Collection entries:
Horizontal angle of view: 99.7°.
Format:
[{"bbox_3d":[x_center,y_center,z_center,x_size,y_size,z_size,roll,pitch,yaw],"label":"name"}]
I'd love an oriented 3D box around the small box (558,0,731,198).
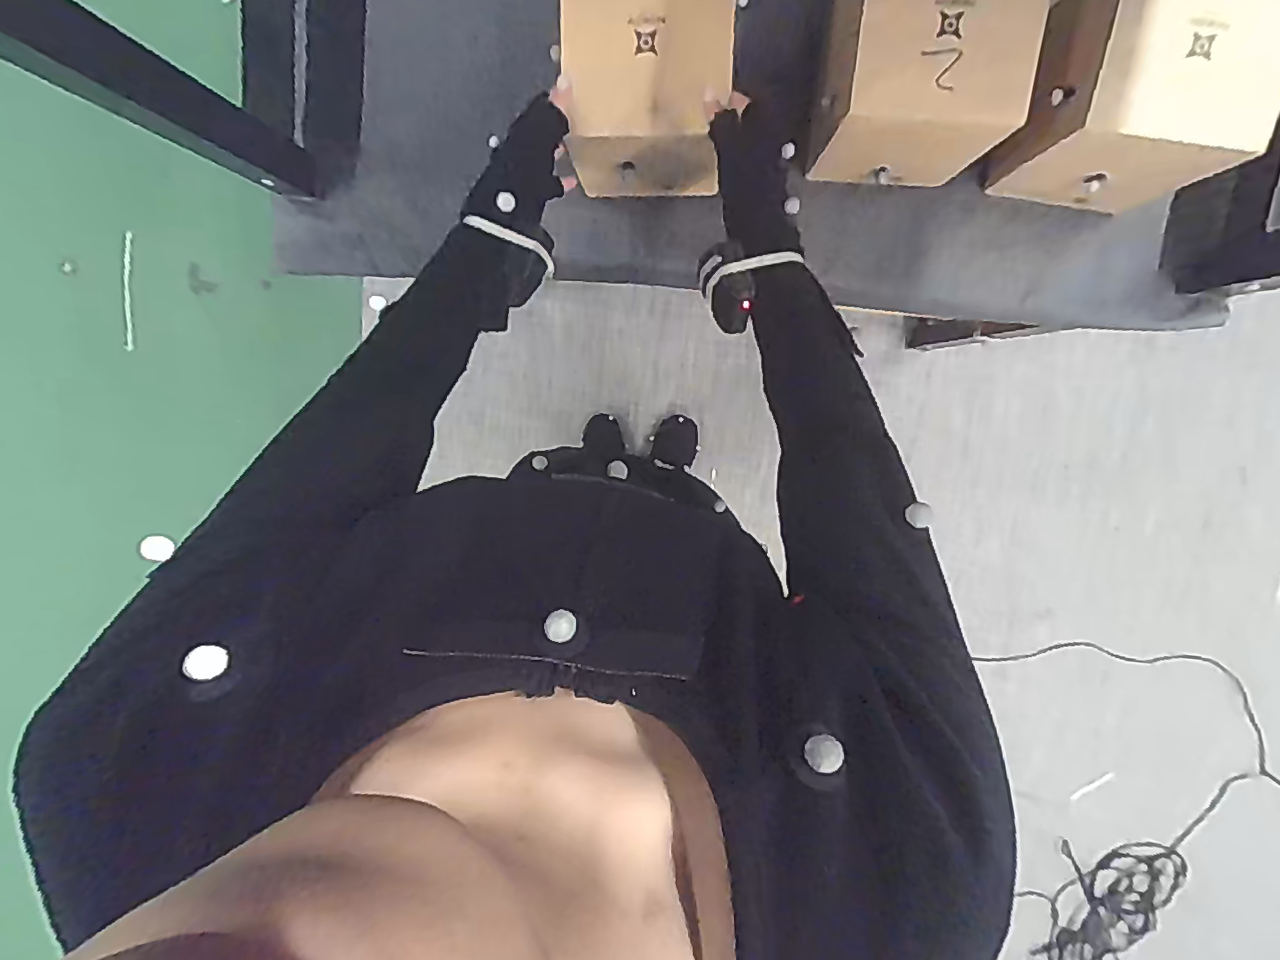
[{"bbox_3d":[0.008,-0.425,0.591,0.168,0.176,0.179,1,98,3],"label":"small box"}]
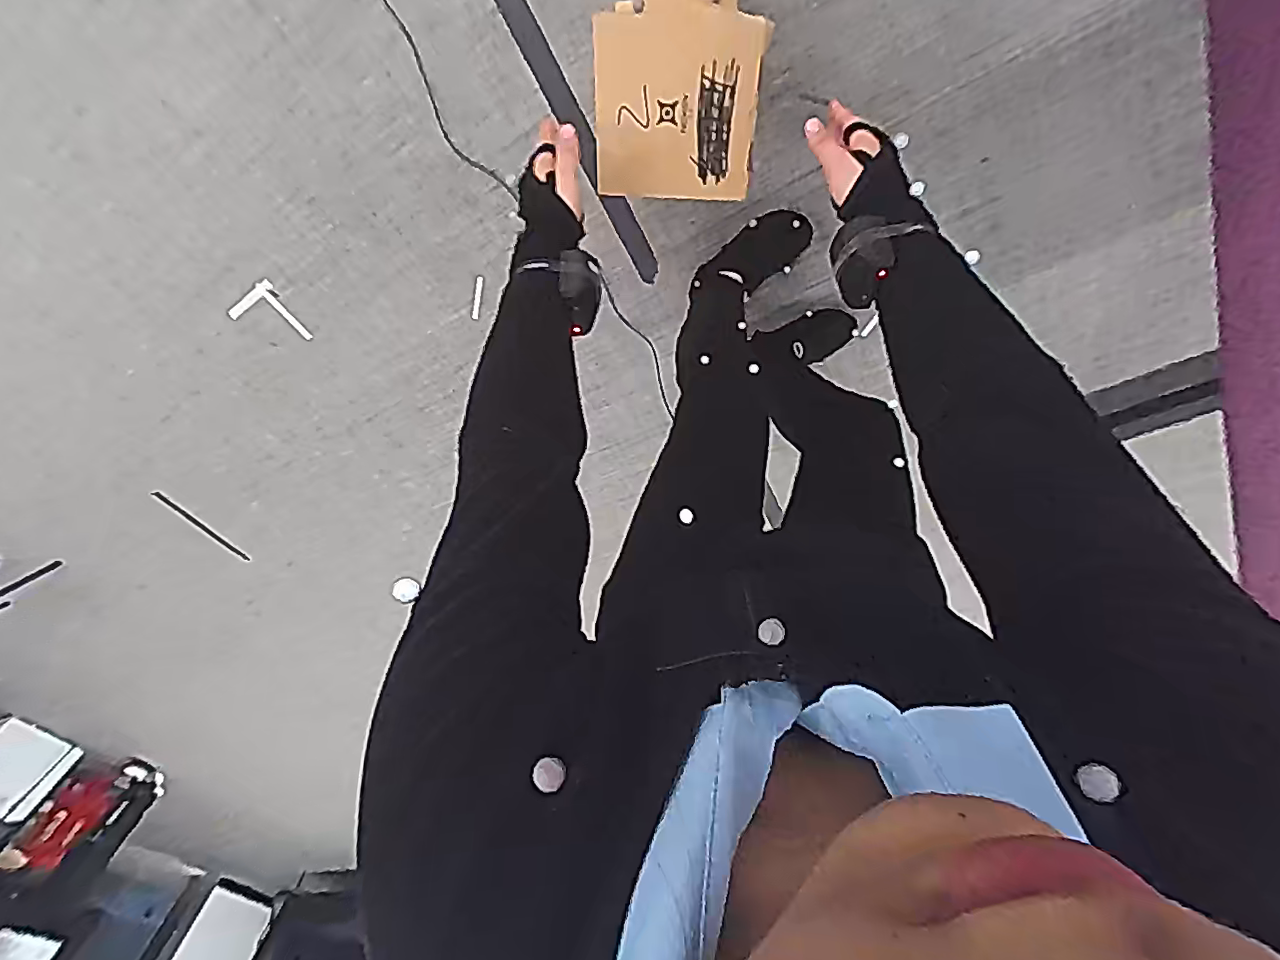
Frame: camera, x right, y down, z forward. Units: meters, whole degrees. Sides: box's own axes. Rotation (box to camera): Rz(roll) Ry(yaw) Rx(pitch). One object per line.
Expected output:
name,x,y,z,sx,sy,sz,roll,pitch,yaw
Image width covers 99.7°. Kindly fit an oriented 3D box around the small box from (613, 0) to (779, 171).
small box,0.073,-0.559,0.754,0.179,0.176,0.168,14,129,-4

Instructions to follow:
Only the lines from the one with "I'd love an" through the last line of the records above are wanted, copied exactly and with pictures omitted.

Solution for this exercise:
I'd love an oriented 3D box around the small box (558,0,731,198).
[{"bbox_3d":[0.008,-0.425,0.591,0.168,0.176,0.179,1,98,3],"label":"small box"}]
Frame: camera, x right, y down, z forward. Units: meters, whole degrees. Sides: box's own axes. Rotation (box to camera): Rz(roll) Ry(yaw) Rx(pitch). One object per line.
Expected output:
name,x,y,z,sx,sy,sz,roll,pitch,yaw
Image width covers 99.7°. Kindly fit an oriented 3D box around the small box from (613, 0) to (779, 171).
small box,0.073,-0.559,0.754,0.179,0.176,0.168,14,129,-4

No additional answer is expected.